*** Begin section ***

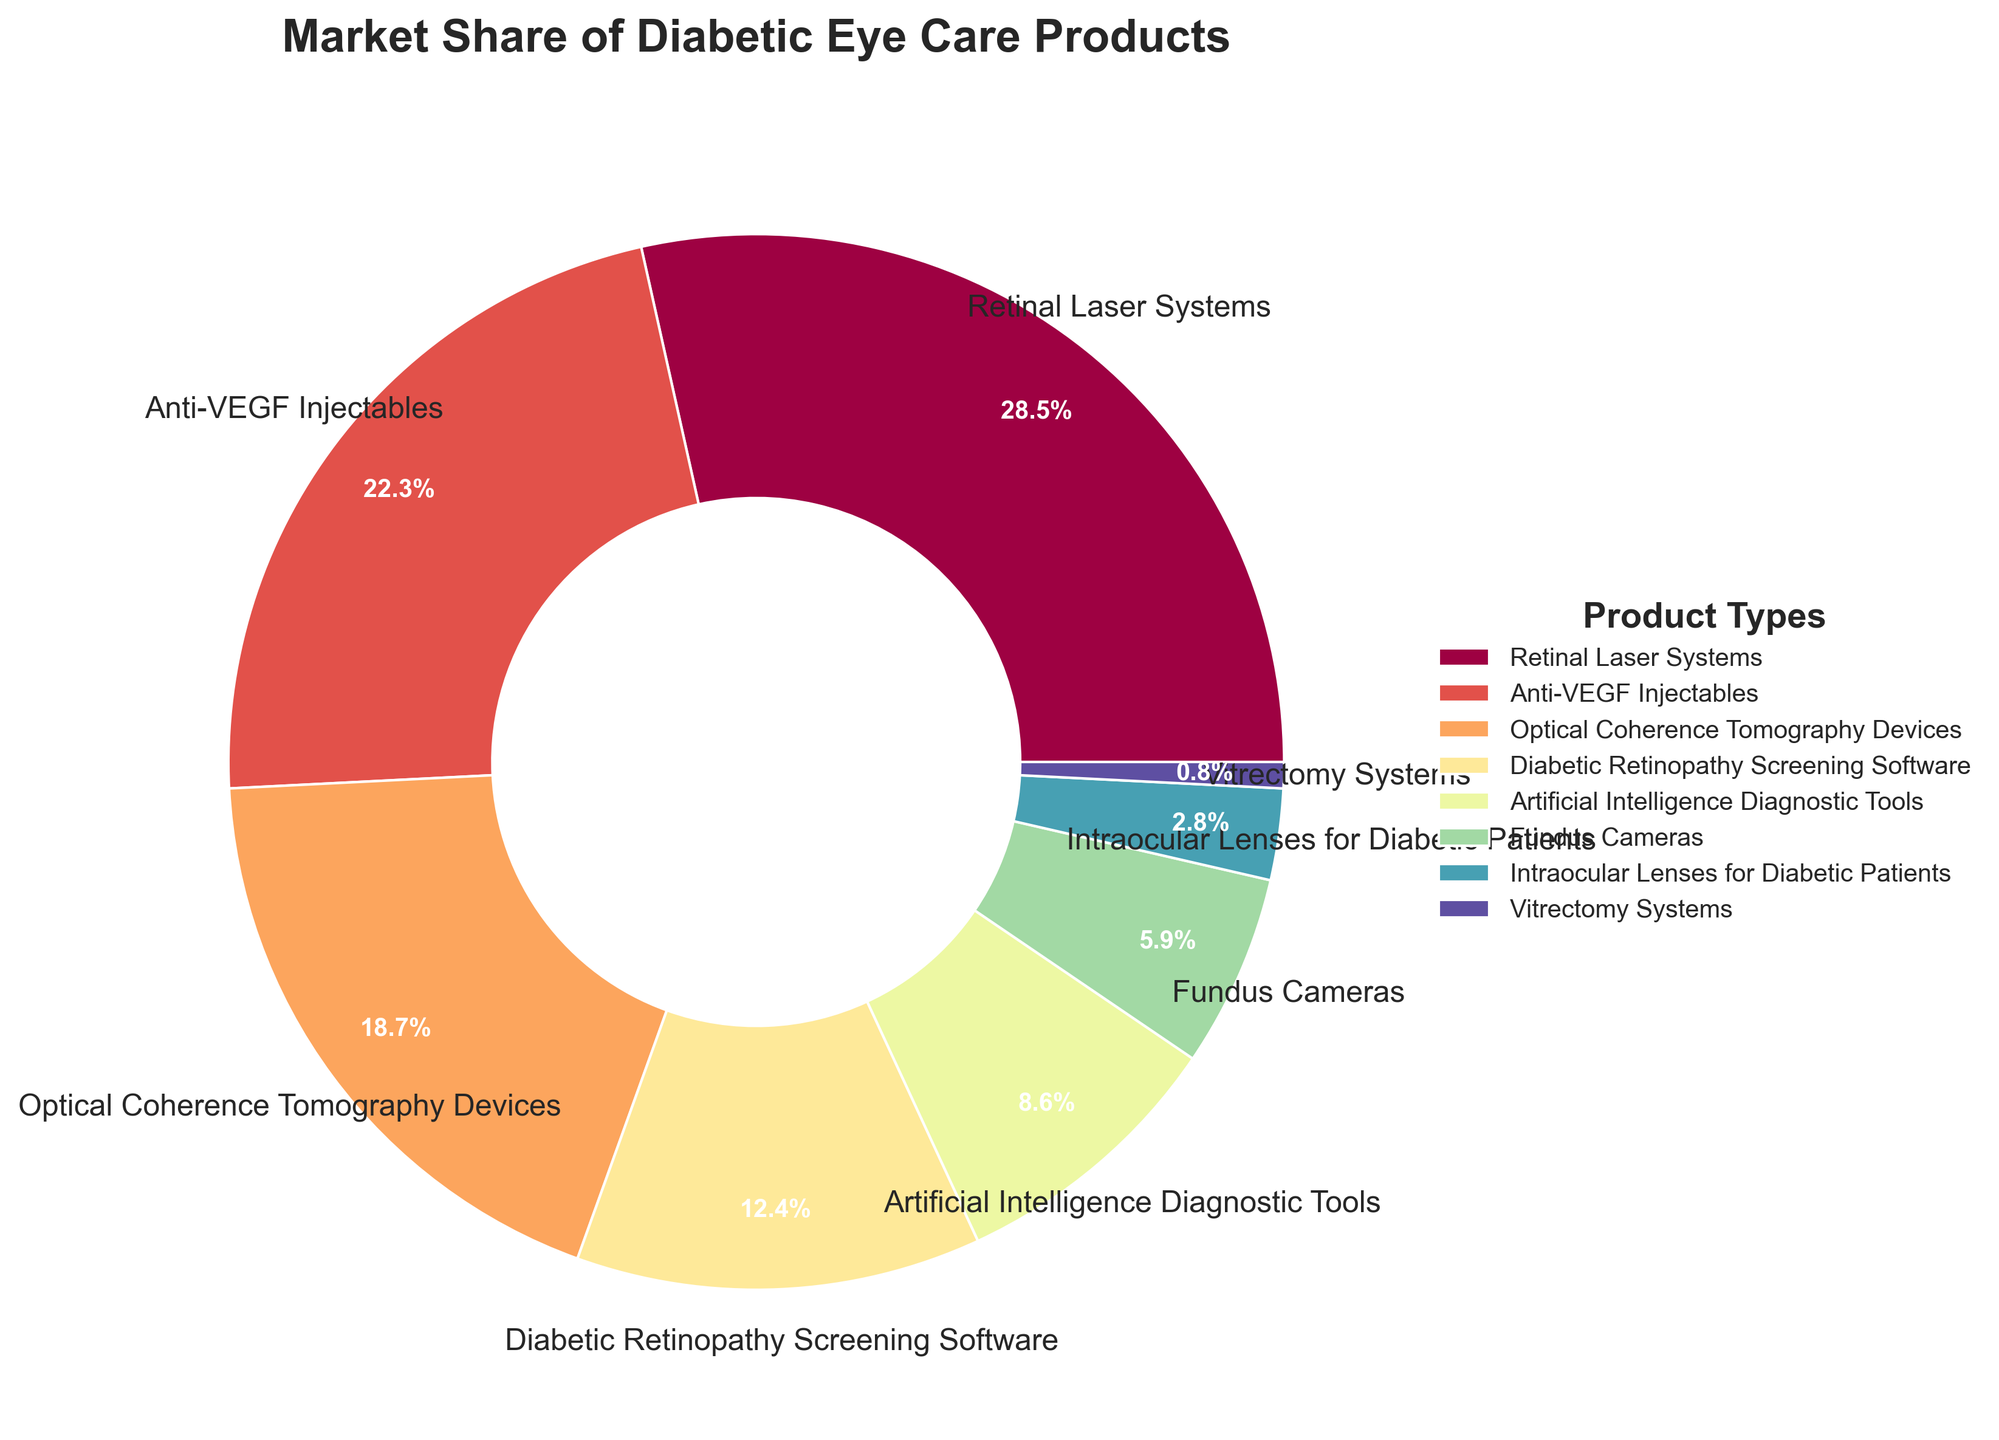What is the product type with the highest market share? The largest section of the pie chart represents the product type with the highest market share. By looking at the chart, the section labeled "Retinal Laser Systems" appears the largest.
Answer: Retinal Laser Systems What is the combined market share of Anti-VEGF Injectables and Optical Coherence Tomography Devices? To find the combined market share, sum the market shares of both product types: 22.3% (Anti-VEGF Injectables) + 18.7% (Optical Coherence Tomography Devices) = 41.0%.
Answer: 41.0% How does the market share of Fundus Cameras compare to that of Diabetic Retinopathy Screening Software? Compare the market share percentages: Fundus Cameras (5.9%) are less than Diabetic Retinopathy Screening Software (12.4%).
Answer: Fundus Cameras have a lower market share Which product type has the smallest market share? Identify the smallest segment in the pie chart, which is marked by the label "Vitrectomy Systems".
Answer: Vitrectomy Systems What is the market share difference between the product type with the highest share and the product type with the smallest share? Calculate the difference between the highest (Retinal Laser Systems, 28.5%) and the smallest (Vitrectomy Systems, 0.8%) market share values: 28.5% - 0.8% = 27.7%.
Answer: 27.7% Which product type occupies close to a quarter of the market share? A quarter of the market share is 25%. The segment for Retinal Laser Systems (28.5%) is closest to this value.
Answer: Retinal Laser Systems What is the product type with the market share represented by a dark blue segment in the pie chart? Visual identification might be necessary. Look for the color scheme in the chart and match it with the respective segment. The dark blue segment is labeled with "Optical Coherence Tomography Devices".
Answer: Optical Coherence Tomography Devices What is the total market share of products with more than 10% share? Sum the market shares of product types with more than 10%: Retinal Laser Systems (28.5%) + Anti-VEGF Injectables (22.3%) + Optical Coherence Tomography Devices (18.7%) + Diabetic Retinopathy Screening Software (12.4%) = 81.9%.
Answer: 81.9% Is the market share for Artificial Intelligence Diagnostic Tools greater than, less than, or equal to 10%? Compare the market share of Artificial Intelligence Diagnostic Tools (8.6%) to 10%. 8.6% is less than 10%.
Answer: Less than 10% What is the average market share for the top three product types? Calculate the average of the market shares of the top three products: Retinal Laser Systems (28.5%), Anti-VEGF Injectables (22.3%), and Optical Coherence Tomography Devices (18.7%). Sum these values: 28.5% + 22.3% + 18.7% = 69.5%, then divide by 3, resulting in 69.5% / 3 ≈ 23.2%.
Answer: 23.2% 
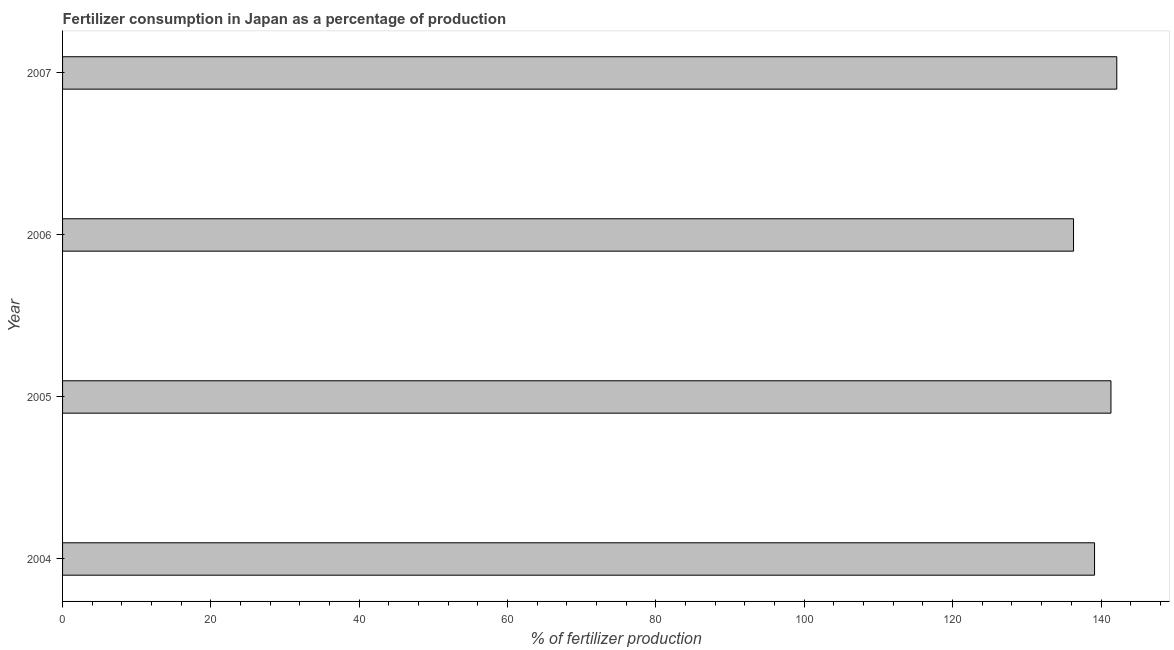What is the title of the graph?
Your answer should be compact. Fertilizer consumption in Japan as a percentage of production. What is the label or title of the X-axis?
Ensure brevity in your answer.  % of fertilizer production. What is the amount of fertilizer consumption in 2006?
Offer a very short reply. 136.3. Across all years, what is the maximum amount of fertilizer consumption?
Offer a very short reply. 142.13. Across all years, what is the minimum amount of fertilizer consumption?
Give a very brief answer. 136.3. What is the sum of the amount of fertilizer consumption?
Your answer should be compact. 558.9. What is the difference between the amount of fertilizer consumption in 2006 and 2007?
Offer a terse response. -5.83. What is the average amount of fertilizer consumption per year?
Offer a very short reply. 139.72. What is the median amount of fertilizer consumption?
Provide a succinct answer. 140.24. Is the amount of fertilizer consumption in 2004 less than that in 2007?
Your response must be concise. Yes. Is the difference between the amount of fertilizer consumption in 2004 and 2007 greater than the difference between any two years?
Offer a terse response. No. What is the difference between the highest and the second highest amount of fertilizer consumption?
Keep it short and to the point. 0.79. What is the difference between the highest and the lowest amount of fertilizer consumption?
Keep it short and to the point. 5.83. How many bars are there?
Offer a very short reply. 4. What is the difference between two consecutive major ticks on the X-axis?
Offer a terse response. 20. Are the values on the major ticks of X-axis written in scientific E-notation?
Make the answer very short. No. What is the % of fertilizer production in 2004?
Your answer should be compact. 139.13. What is the % of fertilizer production in 2005?
Your answer should be very brief. 141.34. What is the % of fertilizer production of 2006?
Offer a terse response. 136.3. What is the % of fertilizer production of 2007?
Make the answer very short. 142.13. What is the difference between the % of fertilizer production in 2004 and 2005?
Provide a short and direct response. -2.21. What is the difference between the % of fertilizer production in 2004 and 2006?
Provide a short and direct response. 2.83. What is the difference between the % of fertilizer production in 2004 and 2007?
Provide a succinct answer. -3. What is the difference between the % of fertilizer production in 2005 and 2006?
Provide a succinct answer. 5.05. What is the difference between the % of fertilizer production in 2005 and 2007?
Offer a very short reply. -0.79. What is the difference between the % of fertilizer production in 2006 and 2007?
Keep it short and to the point. -5.83. What is the ratio of the % of fertilizer production in 2005 to that in 2007?
Provide a short and direct response. 0.99.

*** End section ***

▸ **HOW TO COMPLETE THIS TASK**:
Set down every entry above again exactly, dropping each picture.

▸ **TASK RESPONSE**:
What is the product type with the highest market share? The largest section of the pie chart represents the product type with the highest market share. By looking at the chart, the section labeled "Retinal Laser Systems" appears the largest.
Answer: Retinal Laser Systems What is the combined market share of Anti-VEGF Injectables and Optical Coherence Tomography Devices? To find the combined market share, sum the market shares of both product types: 22.3% (Anti-VEGF Injectables) + 18.7% (Optical Coherence Tomography Devices) = 41.0%.
Answer: 41.0% How does the market share of Fundus Cameras compare to that of Diabetic Retinopathy Screening Software? Compare the market share percentages: Fundus Cameras (5.9%) are less than Diabetic Retinopathy Screening Software (12.4%).
Answer: Fundus Cameras have a lower market share Which product type has the smallest market share? Identify the smallest segment in the pie chart, which is marked by the label "Vitrectomy Systems".
Answer: Vitrectomy Systems What is the market share difference between the product type with the highest share and the product type with the smallest share? Calculate the difference between the highest (Retinal Laser Systems, 28.5%) and the smallest (Vitrectomy Systems, 0.8%) market share values: 28.5% - 0.8% = 27.7%.
Answer: 27.7% Which product type occupies close to a quarter of the market share? A quarter of the market share is 25%. The segment for Retinal Laser Systems (28.5%) is closest to this value.
Answer: Retinal Laser Systems What is the product type with the market share represented by a dark blue segment in the pie chart? Visual identification might be necessary. Look for the color scheme in the chart and match it with the respective segment. The dark blue segment is labeled with "Optical Coherence Tomography Devices".
Answer: Optical Coherence Tomography Devices What is the total market share of products with more than 10% share? Sum the market shares of product types with more than 10%: Retinal Laser Systems (28.5%) + Anti-VEGF Injectables (22.3%) + Optical Coherence Tomography Devices (18.7%) + Diabetic Retinopathy Screening Software (12.4%) = 81.9%.
Answer: 81.9% Is the market share for Artificial Intelligence Diagnostic Tools greater than, less than, or equal to 10%? Compare the market share of Artificial Intelligence Diagnostic Tools (8.6%) to 10%. 8.6% is less than 10%.
Answer: Less than 10% What is the average market share for the top three product types? Calculate the average of the market shares of the top three products: Retinal Laser Systems (28.5%), Anti-VEGF Injectables (22.3%), and Optical Coherence Tomography Devices (18.7%). Sum these values: 28.5% + 22.3% + 18.7% = 69.5%, then divide by 3, resulting in 69.5% / 3 ≈ 23.2%.
Answer: 23.2% 
What is the title of the graph?
Your answer should be compact. Fertilizer consumption in Japan as a percentage of production. What is the label or title of the X-axis?
Ensure brevity in your answer.  % of fertilizer production. What is the amount of fertilizer consumption in 2006?
Offer a very short reply. 136.3. Across all years, what is the maximum amount of fertilizer consumption?
Offer a very short reply. 142.13. Across all years, what is the minimum amount of fertilizer consumption?
Give a very brief answer. 136.3. What is the sum of the amount of fertilizer consumption?
Your answer should be compact. 558.9. What is the difference between the amount of fertilizer consumption in 2006 and 2007?
Offer a terse response. -5.83. What is the average amount of fertilizer consumption per year?
Offer a very short reply. 139.72. What is the median amount of fertilizer consumption?
Provide a succinct answer. 140.24. Is the amount of fertilizer consumption in 2004 less than that in 2007?
Your response must be concise. Yes. Is the difference between the amount of fertilizer consumption in 2004 and 2007 greater than the difference between any two years?
Offer a terse response. No. What is the difference between the highest and the second highest amount of fertilizer consumption?
Keep it short and to the point. 0.79. What is the difference between the highest and the lowest amount of fertilizer consumption?
Keep it short and to the point. 5.83. How many bars are there?
Offer a very short reply. 4. What is the difference between two consecutive major ticks on the X-axis?
Offer a terse response. 20. Are the values on the major ticks of X-axis written in scientific E-notation?
Make the answer very short. No. What is the % of fertilizer production in 2004?
Your answer should be compact. 139.13. What is the % of fertilizer production in 2005?
Your answer should be very brief. 141.34. What is the % of fertilizer production of 2006?
Offer a terse response. 136.3. What is the % of fertilizer production of 2007?
Make the answer very short. 142.13. What is the difference between the % of fertilizer production in 2004 and 2005?
Provide a short and direct response. -2.21. What is the difference between the % of fertilizer production in 2004 and 2006?
Provide a short and direct response. 2.83. What is the difference between the % of fertilizer production in 2004 and 2007?
Provide a succinct answer. -3. What is the difference between the % of fertilizer production in 2005 and 2006?
Provide a succinct answer. 5.05. What is the difference between the % of fertilizer production in 2005 and 2007?
Offer a very short reply. -0.79. What is the difference between the % of fertilizer production in 2006 and 2007?
Keep it short and to the point. -5.83. What is the ratio of the % of fertilizer production in 2005 to that in 2007?
Provide a short and direct response. 0.99.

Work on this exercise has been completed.